Monday, July 02, 2007

My greatest fear....

Ok - so this really isn't my greatest fear. Not by a long shot.

But I have no idea why potty training my children, or even just the notion of undertaking the training, is testing every nerve I've ever had. We have attempted to potty train Will before, only to be met with severe resistance over it. Of course all Doctors say not to force the issue...so we backed off.

Well he's been showing signs that he is ready - but I am not showing any signs that I am ready to do this! In fact, as I type this he is sitting here watching his potty movie that he picked out. This movie sure isn't inspiring me...it's basically a bathroom musical with songs like:

'Doin The Potty Dance'
'Me Potty Wotty'
'I'm a Hottie for the Potty'
'I've Gotta Go'

And what is most humorous about it to me is that it really doesn't show potty time, but rather a group of kids (all WAY past potty training age) dancing to the potty songs. Hilarious! I'd like to know if the person who choreographed this actually put it down on his/her resume.

At least it is taking the edge off my nerves...I just don't want to start this and have him back out of it. We have such a busy summer and then he starts preschool in the fall - so it just feels like this would be the best time.

It's so funny - I have done many things in my life that have pushed me out of my comfort zone, emotionally, intellectually, personally...but I haven't felt this apprehensive about something for a long time!
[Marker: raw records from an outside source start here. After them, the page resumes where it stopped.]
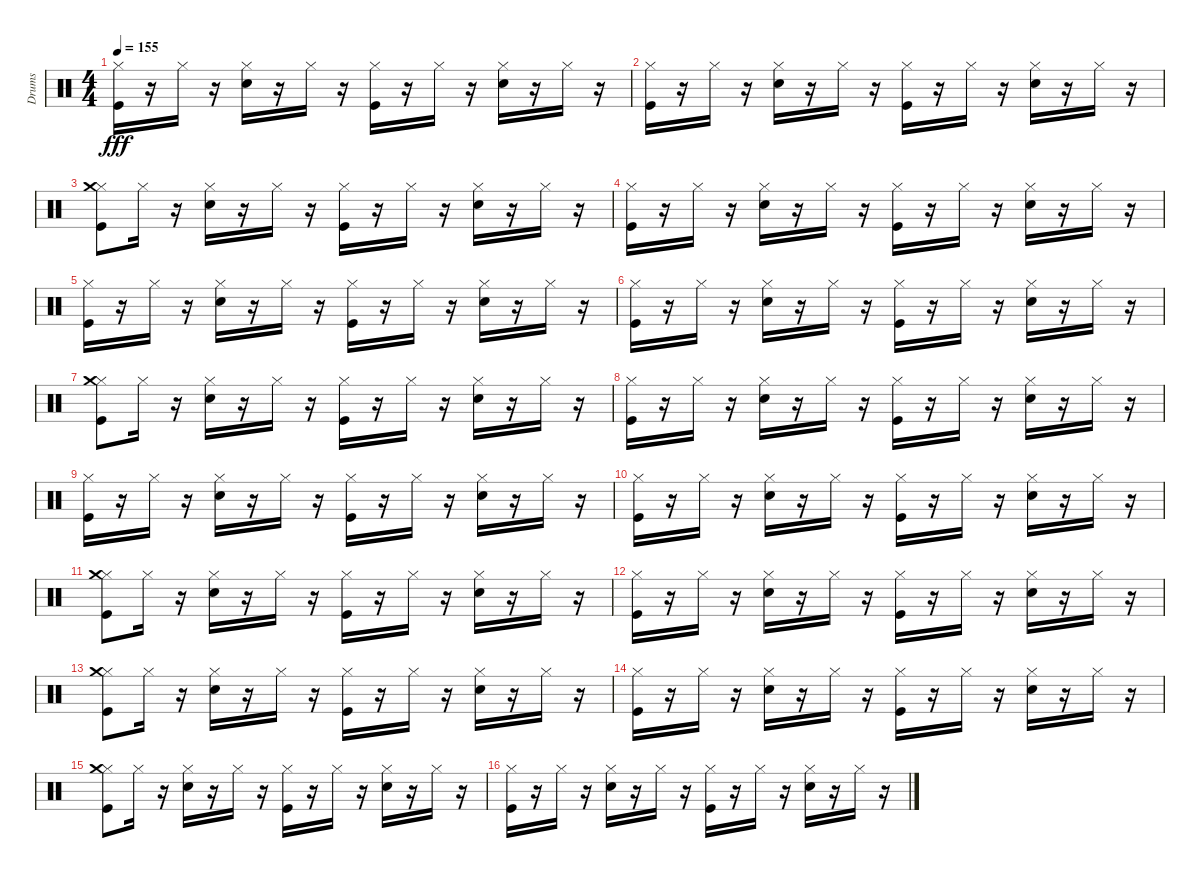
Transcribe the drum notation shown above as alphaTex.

\track ("Drums" "Drums") {instrument percussion}
\staff {score}
\articulation defaults
\ts (4 4)
\tempo 155
\clef neutral
\ks c
("Kick (hit)" "Hi-Hat (closed)").16{dy fff} r.16 "Hi-Hat (closed)".16 r.16 ("Snare (hit) 2" "Hi-Hat (closed)").16 r.16 "Hi-Hat (closed)".16 r.16 ("Kick (hit)" "Hi-Hat (closed)").16 r.16 "Hi-Hat (closed)".16 r.16 ("Snare (hit) 2" "Hi-Hat (closed)").16 r.16 "Hi-Hat (closed)".16 r.16 |
("Hi-Hat (closed)" "Kick (hit)").16 r.16 "Hi-Hat (closed)".16 r.16 ("Hi-Hat (closed)" "Snare (hit) 2").16 r.16 "Hi-Hat (closed)".16 r.16 ("Hi-Hat (closed)" "Kick (hit)").16 r.16 "Hi-Hat (closed)".16 r.16 ("Hi-Hat (closed)" "Snare (hit) 2").16 r.16 "Hi-Hat (closed)".16 r.16 |
("Kick (hit)" "Hi-Hat (closed)" "Crash medium (hit)").8 "Hi-Hat (closed)".16 r.16 ("Snare (hit) 2" "Hi-Hat (closed)").16 r.16 "Hi-Hat (closed)".16 r.16 ("Kick (hit)" "Hi-Hat (closed)").16 r.16 "Hi-Hat (closed)".16 r.16 ("Snare (hit) 2" "Hi-Hat (closed)").16 r.16 "Hi-Hat (closed)".16 r.16 |
("Hi-Hat (closed)" "Kick (hit)").16 r.16 "Hi-Hat (closed)".16 r.16 ("Hi-Hat (closed)" "Snare (hit) 2").16 r.16 "Hi-Hat (closed)".16 r.16 ("Hi-Hat (closed)" "Kick (hit)").16 r.16 "Hi-Hat (closed)".16 r.16 ("Hi-Hat (closed)" "Snare (hit) 2").16 r.16 "Hi-Hat (closed)".16 r.16 |
("Kick (hit)" "Hi-Hat (closed)").16 r.16 "Hi-Hat (closed)".16 r.16 ("Snare (hit) 2" "Hi-Hat (closed)").16 r.16 "Hi-Hat (closed)".16 r.16 ("Kick (hit)" "Hi-Hat (closed)").16 r.16 "Hi-Hat (closed)".16 r.16 ("Snare (hit) 2" "Hi-Hat (closed)").16 r.16 "Hi-Hat (closed)".16 r.16 |
("Hi-Hat (closed)" "Kick (hit)").16 r.16 "Hi-Hat (closed)".16 r.16 ("Hi-Hat (closed)" "Snare (hit) 2").16 r.16 "Hi-Hat (closed)".16 r.16 ("Hi-Hat (closed)" "Kick (hit)").16 r.16 "Hi-Hat (closed)".16 r.16 ("Hi-Hat (closed)" "Snare (hit) 2").16 r.16 "Hi-Hat (closed)".16 r.16 |
("Kick (hit)" "Hi-Hat (closed)" "Crash medium (hit)").8 "Hi-Hat (closed)".16 r.16 ("Snare (hit) 2" "Hi-Hat (closed)").16 r.16 "Hi-Hat (closed)".16 r.16 ("Kick (hit)" "Hi-Hat (closed)").16 r.16 "Hi-Hat (closed)".16 r.16 ("Snare (hit) 2" "Hi-Hat (closed)").16 r.16 "Hi-Hat (closed)".16 r.16 |
("Hi-Hat (closed)" "Kick (hit)").16 r.16 "Hi-Hat (closed)".16 r.16 ("Hi-Hat (closed)" "Snare (hit) 2").16 r.16 "Hi-Hat (closed)".16 r.16 ("Hi-Hat (closed)" "Kick (hit)").16 r.16 "Hi-Hat (closed)".16 r.16 ("Hi-Hat (closed)" "Snare (hit) 2").16 r.16 "Hi-Hat (closed)".16 r.16 |
("Kick (hit)" "Hi-Hat (closed)").16 r.16 "Hi-Hat (closed)".16 r.16 ("Snare (hit) 2" "Hi-Hat (closed)").16 r.16 "Hi-Hat (closed)".16 r.16 ("Kick (hit)" "Hi-Hat (closed)").16 r.16 "Hi-Hat (closed)".16 r.16 ("Snare (hit) 2" "Hi-Hat (closed)").16 r.16 "Hi-Hat (closed)".16 r.16 |
("Hi-Hat (closed)" "Kick (hit)").16 r.16 "Hi-Hat (closed)".16 r.16 ("Hi-Hat (closed)" "Snare (hit) 2").16 r.16 "Hi-Hat (closed)".16 r.16 ("Hi-Hat (closed)" "Kick (hit)").16 r.16 "Hi-Hat (closed)".16 r.16 ("Hi-Hat (closed)" "Snare (hit) 2").16 r.16 "Hi-Hat (closed)".16 r.16 |
("Kick (hit)" "Hi-Hat (closed)" "Crash medium (hit)").8 "Hi-Hat (closed)".16 r.16 ("Snare (hit) 2" "Hi-Hat (closed)").16 r.16 "Hi-Hat (closed)".16 r.16 ("Kick (hit)" "Hi-Hat (closed)").16 r.16 "Hi-Hat (closed)".16 r.16 ("Snare (hit) 2" "Hi-Hat (closed)").16 r.16 "Hi-Hat (closed)".16 r.16 |
("Hi-Hat (closed)" "Kick (hit)").16 r.16 "Hi-Hat (closed)".16 r.16 ("Hi-Hat (closed)" "Snare (hit) 2").16 r.16 "Hi-Hat (closed)".16 r.16 ("Hi-Hat (closed)" "Kick (hit)").16 r.16 "Hi-Hat (closed)".16 r.16 ("Hi-Hat (closed)" "Snare (hit) 2").16 r.16 "Hi-Hat (closed)".16 r.16 |
("Kick (hit)" "Hi-Hat (closed)" "Crash medium (hit)").8 "Hi-Hat (closed)".16 r.16 ("Snare (hit) 2" "Hi-Hat (closed)").16 r.16 "Hi-Hat (closed)".16 r.16 ("Kick (hit)" "Hi-Hat (closed)").16 r.16 "Hi-Hat (closed)".16 r.16 ("Snare (hit) 2" "Hi-Hat (closed)").16 r.16 "Hi-Hat (closed)".16 r.16 |
("Hi-Hat (closed)" "Kick (hit)").16 r.16 "Hi-Hat (closed)".16 r.16 ("Hi-Hat (closed)" "Snare (hit) 2").16 r.16 "Hi-Hat (closed)".16 r.16 ("Hi-Hat (closed)" "Kick (hit)").16 r.16 "Hi-Hat (closed)".16 r.16 ("Hi-Hat (closed)" "Snare (hit) 2").16 r.16 "Hi-Hat (closed)".16 r.16 |
("Kick (hit)" "Hi-Hat (closed)" "Crash medium (hit)").8 "Hi-Hat (closed)".16 r.16 ("Snare (hit) 2" "Hi-Hat (closed)").16 r.16 "Hi-Hat (closed)".16 r.16 ("Kick (hit)" "Hi-Hat (closed)").16 r.16 "Hi-Hat (closed)".16 r.16 ("Snare (hit) 2" "Hi-Hat (closed)").16 r.16 "Hi-Hat (closed)".16 r.16 |
("Hi-Hat (closed)" "Kick (hit)").16 r.16 "Hi-Hat (closed)".16 r.16 ("Hi-Hat (closed)" "Snare (hit) 2").16 r.16 "Hi-Hat (closed)".16 r.16 ("Hi-Hat (closed)" "Kick (hit)").16 r.16 "Hi-Hat (closed)".16 r.16 ("Hi-Hat (closed)" "Snare (hit) 2").16 r.16 "Hi-Hat (closed)".16 r.16

This is the kind of stuff that makes me long for the days when I worked sixty to seventy hours a week...at least in that crazy world my apprehension didn't involve pee-pee and poo-poo and a three year-old's emotions!

Well, wish us luck!

2 comments:

TJ said...

hahahahahaha!!!!! potty training is the worst week of your life. but i already told you that.

Jennifer @ Fruit of My Hands said...

Week? LOL.

I went through this too, feeling that my daughter was ready, but that I wasn't. Then I got up my gumption and started it, only to realize that while physically she's completely ready, emotionally she wasn't. Now she's doing really well, but there's still an emotional barrier that we need to get through before its going to completely "click" with #2.

Freud was right on this one.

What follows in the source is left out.